The trip to the LYS on Friday increased my stash.  Surprised?
I had two patterns with me and then I bought yarn for a third pattern instead.  The pattern is from Elsebeth Lavold Book 14.  My she has a lot... It's for a pattern called Dylan and is a cardigan that is knitted from cuff to cuff (sideways).  When I first bought the pattern (a year or so ago--before Juju was born) I bought some cable cotton to go with it, and now as I take out the cable cotton every few months... not happy.  It's too thick for a little girl, but now I think I can make this pima work.

DK / 8 ply
100% Cotton

Aran / 10 ply
100% Cotton

Coming home I made the decision that I shouldn't wait to finish my cardi to send to Norway, and instead, I suddenly got the urge to knit mittens for little hands to go with the bonnet from last year.
There's a little girl on one of the mittens.  Somehow I think that might be handy in distinguishing between right and left. (?)  Basic mittens...

Here's the bonnet which is plenty big, along with Mommy's poncho and knitted hat.  (Gosh, I was busy last year too.)  Photo:  March 14, 2010.
Yarn: Jil Eaton Minnow Merino by Classic Elite Yarns Aran / 10 ply 100% Merino

WIP to FO!

Tea time popularity

I enjoy tea, now that the snow is blowing, and the doors and windows are closed.  Not because I enjoy tea, but I enjoy the ritual.  And it doesn't have to involve anyone else, nice when it does, but me.
And do you know what makes a great cup of tea experience?  A china cup.  And those I have.  I have inherited many, and they sit proudly in the china cabinet waiting for the day that I will choose that one.  Sometimes, once it gets selected, it stays the selectee for many weeks, but I'm going to try to consciously give them all a chance.  I have some of them packed away in the shed, I have so many.

Stephanie Pearl-McPhee wrote about tea time on November 22 (my full-blood Scotch-Irish father's birthday, which certainly has something to do with my tea habits) and I was amazed that she had 655 comments on that particular blog.  655 !!! Who gets read 655 times on one post?
Time for tea:  Chai, soy, agave... What's your combination?

Saturday, November 27, 2010


How far would you go?  to your LYS, to fall off your Yarn Diet?  For lunch with friends?  
How about 65 miles?  Yes, it's about that to the nearest REAL local yarn shop.  I go to Yarn in Durango.  Closer are the chain craft stores, but for a real LYS it's a pilgrimage.  And a very pleasant one too.
There's the drive up:
What could be better than that?
What about the store?
Great variety

The table with items to be shelved

And Jonni, who was posing in her Dale of Norway
Then there's the trip back:
Yep!  That's the color of the sky...
The damage to my diet?  Eight skeins of lovely pima cotton pulled out of storage in the back room.  (Who knits with cotton in November?)

Friday, November 26, 2010

Critters, Let's Knit!

This isn't the kind of thing I would spend lots of time on, but I think some people are SO clever!
What am I talking about?  This:
It's a photo contest... and wait till you see the entries!  They just make me smile:-)

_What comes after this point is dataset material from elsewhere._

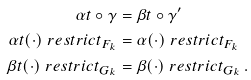Convert formula to latex. <formula><loc_0><loc_0><loc_500><loc_500>\alpha t \circ \gamma & = \beta t \circ \gamma ^ { \prime } \\ \alpha t ( \cdot ) \ r e s t r i c t _ { F _ { k } } & = \alpha ( \cdot ) \ r e s t r i c t _ { F _ { k } } \\ \beta t ( \cdot ) \ r e s t r i c t _ { G _ { k } } & = \beta ( \cdot ) \ r e s t r i c t _ { G _ { k } } \, .</formula>

You can vote here, and look for the tab at the top for the Round 2 semifinalists.
The Semifinalists

Thursday, November 25, 2010

Happy Bloggiversary

A glimpse from my first blog a year ago.
November 25, 2009  How funny little 5 month old babies can be!
And here's a few seconds of her at 16 months:

What a great way to blog... I have a whole year to refer back to!!
No worries, I've been so disappointed with comic strip "For Better or For Worse" since the story has started to repeat itself.

Wednesday, November 24, 2010

Meanwhile, as I fret about the temps...

I'm going to fret, about the temps... It's going to be cold here for the rest of the week,
then...  Hege happened!
I just read one of my favorite blogs called "Cloudberry", named after my favorite berry, and I dare not complain fret anymore.  In fact I'm going out for a walk this morning!
Hege lives at the top of the world, where it's dark most of the time during this part of the year, yet she and her family, certainly led by her, enjoy it all.  I love her photography, and her creativity.  See if you don't want to be a follower of her blog:
Click HERE.  If this link doesn't work, use the one to the right under "Heges..."

OK.  I have to show you what our predicted temps (in Fahrenheit and Celsius) are:

Keep in mind that there is no precipitation in the forecast, and that Sat and Sun are normal for this time of year.  Also, the coldest days (Thurs and Fri) are pure sun! Ten hours a day.  I love the SW.

Tuesday, November 23, 2010

De Feet

I've been a crazy person trying to get some slippers knitted and felted in time to send across the Atlantic.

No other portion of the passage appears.